To do: Please work out how many lines in the entries below include the string "object", and reply with the number alone.

Entries provided:
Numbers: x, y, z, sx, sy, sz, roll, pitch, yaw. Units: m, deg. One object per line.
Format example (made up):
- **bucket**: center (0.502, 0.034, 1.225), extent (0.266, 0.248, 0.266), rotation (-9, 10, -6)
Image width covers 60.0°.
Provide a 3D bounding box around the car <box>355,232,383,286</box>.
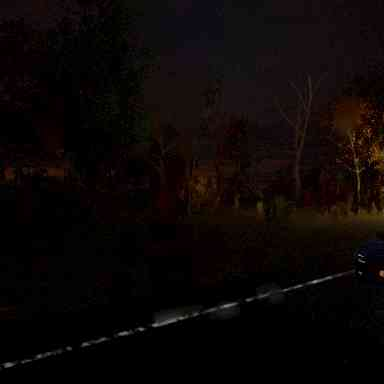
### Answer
- **car**: center (6.105, 1.467, 8.537), extent (5.008, 1.535, 1.882), rotation (0, 0, -37)
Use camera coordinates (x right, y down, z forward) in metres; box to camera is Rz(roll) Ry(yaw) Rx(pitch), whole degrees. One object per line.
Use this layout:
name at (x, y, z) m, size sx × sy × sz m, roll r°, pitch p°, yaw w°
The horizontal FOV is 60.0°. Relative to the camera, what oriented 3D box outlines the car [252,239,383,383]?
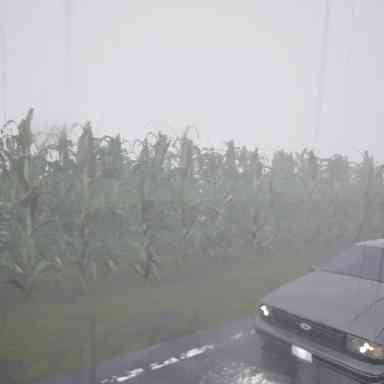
car at (3.472, 1.545, 5.545) m, size 5.357 × 1.411 × 2.033 m, roll 0°, pitch 0°, yaw -36°

Task result: 2